Rank nodes by a combined score (weighted or normalized).
Identify top-k nodes as influencers.
Optionally detect communities to find local influencers.
Validate using engagement or reach metrics.
Output the top influencers list.
MapReduce for Triangle Counting
118. MapReduce & counting triangles in a graph (5 marks — 6 points)
Triangles: Three nodes mutually connected.
Map phase: Emit all possible edge pairs per node.
Reduce phase: Join pairs to check shared neighbors → identify triangles.
Scales to large graphs using distributed computation.
Handles sparse graphs efficiently.
Can use multiple iterations to avoid duplicate counting.
Long Tail Phenomenon in Recommendations
114. Long Tail Phenomenon (5 marks)
The majority of sales come from a small number of popular items (the head). A large number of niche items (the long tail) collectively contribute significantly. Example: Netflix → popular shows (head) vs rare indie films (long tail).
Recommender systems leverage the long tail to suggest niche content, enabling platforms to monetize rare items and encourage variety and personalization in content delivery.
Components of a Social Network Graph
113. Components of a Social Network Graph (5 marks — 6 points)
Nodes / Vertices: Represent users or entities.
Edges / Links: Represent relationships (friendship, follow, interaction).
Weights (optional): Strength or frequency of interaction.
Neighborhoods: Local clusters of connected nodes.
Betweenness / Centrality metrics: Detect influencers or critical nodes. Interactions reveal patterns: communities, influence, and connectivity.
Content-Based Filtering Recommendation System
112. Content-Based Filtering Recommendation System (5 marks — 7 points)
Recommend items similar to those a user liked in the past.
Use item features (genre, keywords, tags).
Example: Movie “Inception” → recommend “Interstellar” (both sci‑fi, same director).
Compute similarity between item profiles (cosine, Euclidean).
Build a user profile from previously liked items.
Suggest items with the highest similarity scores.
Works independently of other users (unlike collaborative filtering).
What Is a Recommendation System?
106. What is a Recommendation System? (2 marks — 3 points)
A system that suggests relevant items to users based on their preferences or behavior.
Helps users navigate large datasets efficiently (e.g., movies, products).
Commonly used in e-commerce (Amazon), streaming services (Netflix), and social media.
Collaborative Filtering and Nearest Neighbor
107. How does collaborative filtering relate to nearest neighbor technique? (2 marks — 3 points)
Collaborative filtering predicts user preferences based on similar users or items.
Nearest neighbor identifies the most similar users or items using similarity metrics like cosine or Pearson.
The prediction is often a weighted average of neighbors’ ratings.
Definition of a Utility Matrix
108. What is a Utility Matrix? (2 marks — 3 points)
A matrix representing users (rows) vs items (columns).
Each cell shows a user’s rating for an item (explicit or implicit).
Sparse for large systems; used as input for collaborative filtering.
Understanding Betweenness
109. What do you understand by Betweenness? (2 marks — 3 points)

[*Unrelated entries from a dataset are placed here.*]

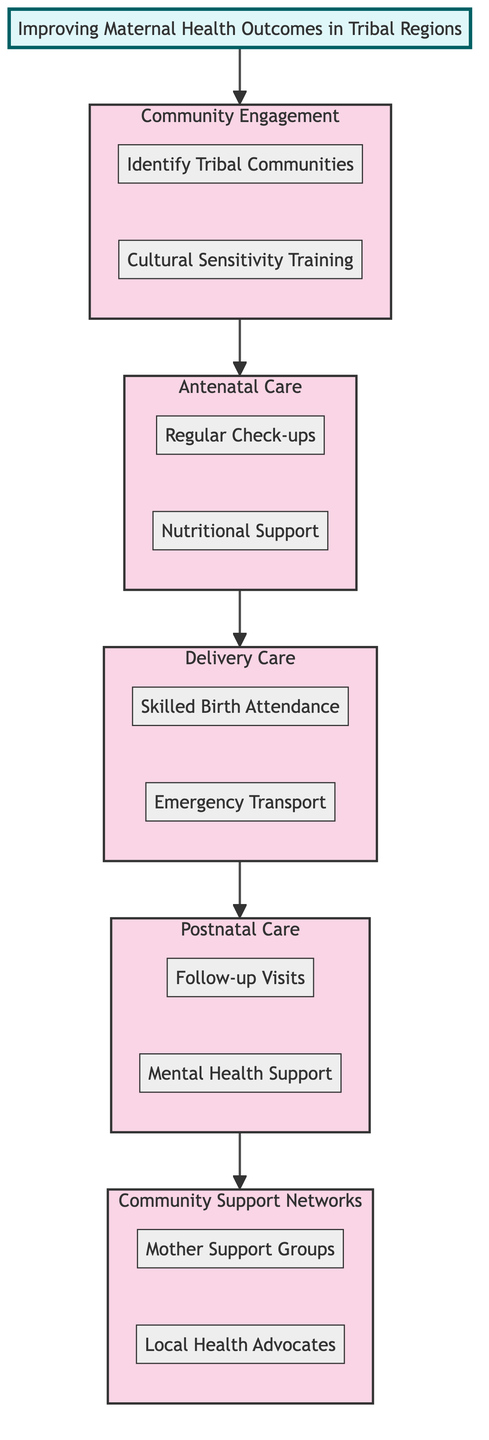What is the first stage in the clinical pathway? The first stage is labeled 'Community Engagement' in the diagram, indicating the initial focus area for improving maternal health outcomes.
Answer: Community Engagement How many main stages are there in the clinical pathway? The diagram contains five main stages connected in sequence: Community Engagement, Antenatal Care, Delivery Care, Postnatal Care, and Community Support Networks. Thus, the total number is five.
Answer: 5 Which task is associated with the 'Postnatal Care' stage? The 'Postnatal Care' stage has two tasks included: 'Follow-up Visits' and 'Mental Health Support', both contributing to the maternal health process after childbirth.
Answer: Follow-up Visits, Mental Health Support What type of support is provided in the 'Community Support Networks' stage? This stage includes the establishment of 'Mother Support Groups' and training of 'Local Health Advocates' to foster community involvement in maternal health.
Answer: Mother Support Groups, Local Health Advocates What is the relationship between 'Delivery Care' and 'Antenatal Care'? The relationship is sequential; 'Antenatal Care' must be conducted before 'Delivery Care', indicating the pathway of care progresses from antenatal visits to delivery services.
Answer: Sequential Which task focuses on the involvement of local healthcare providers? The task 'Skilled Birth Attendance' focuses on ensuring that trained healthcare providers are present during the delivery, emphasizing professional involvement in Maternal Health.
Answer: Skilled Birth Attendance What is required for emergency situations in the 'Delivery Care' stage? The 'Emergency Transport' task establishes the need for reliable systems to transport mothers in complicated delivery situations, highlighting a crucial element of this care stage.
Answer: Emergency Transport How does the 'Community Engagement' stage facilitate health outcomes? It facilitates health outcomes by both identifying tribal communities and providing cultural sensitivity training for healthcare workers, which are foundational steps to build trust and service effectiveness.
Answer: Identify Tribal Communities, Cultural Sensitivity Training Which stage does 'Regular Check-ups' belong to? The task 'Regular Check-ups' belongs to the 'Antenatal Care' stage, as it aims to ensure expectant mothers receive the necessary prenatal health visits.
Answer: Antenatal Care

A graph metric measuring how often a node or edge lies on the shortest paths between other nodes.
High betweenness → node or edge is critical for network connectivity.

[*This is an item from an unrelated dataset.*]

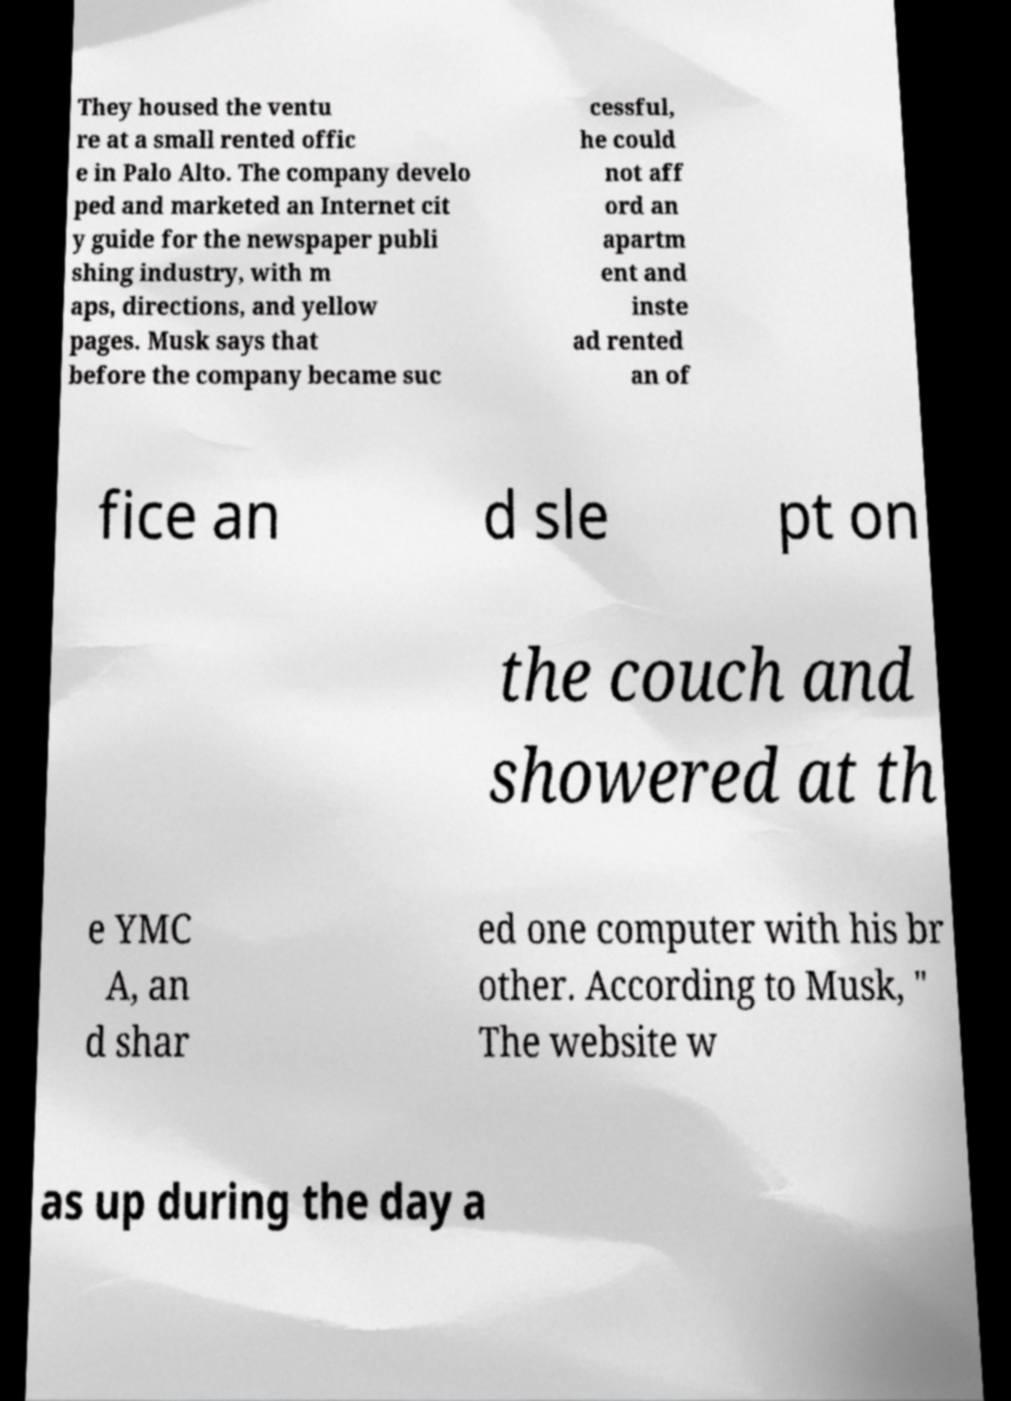Can you read and provide the text displayed in the image?This photo seems to have some interesting text. Can you extract and type it out for me? They housed the ventu re at a small rented offic e in Palo Alto. The company develo ped and marketed an Internet cit y guide for the newspaper publi shing industry, with m aps, directions, and yellow pages. Musk says that before the company became suc cessful, he could not aff ord an apartm ent and inste ad rented an of fice an d sle pt on the couch and showered at th e YMC A, an d shar ed one computer with his br other. According to Musk, " The website w as up during the day a

Useful for detecting influencers or critical links in social networks.
Why Use Clustering Techniques?
110. Why do we use clustering techniques? (2 marks — 4 points)
To group similar data points automatically.
Reduce complexity for analysis.
Discover hidden patterns.
Useful in recommendation, marketing segmentation, and anomaly detection.
Rounding Data in a Utility Matrix
111. Rounding the Data in Utility Matrix (2 marks — 3 points)
Convert continuous or predicted ratings into discrete values.
Example: 3.6 → 4 stars.
Helps simplify predictions and decision-making for recommendations.
Cosine Similarity & Sentence Distance
119. Cosine Similarity & Cosine Distance of sentences (2 marks — 4 points)
Sentences:
S1: “AI is our friend and it has been friendly”
S2: “AI and humans have always been friendly”
Steps:
Convert to vectors using word counts (bag of words).
Compute the dot product and norms.
Cosine similarity ≈ 0.547 (approximate example).
Cosine distance = 1 − similarity ≈ 0.453.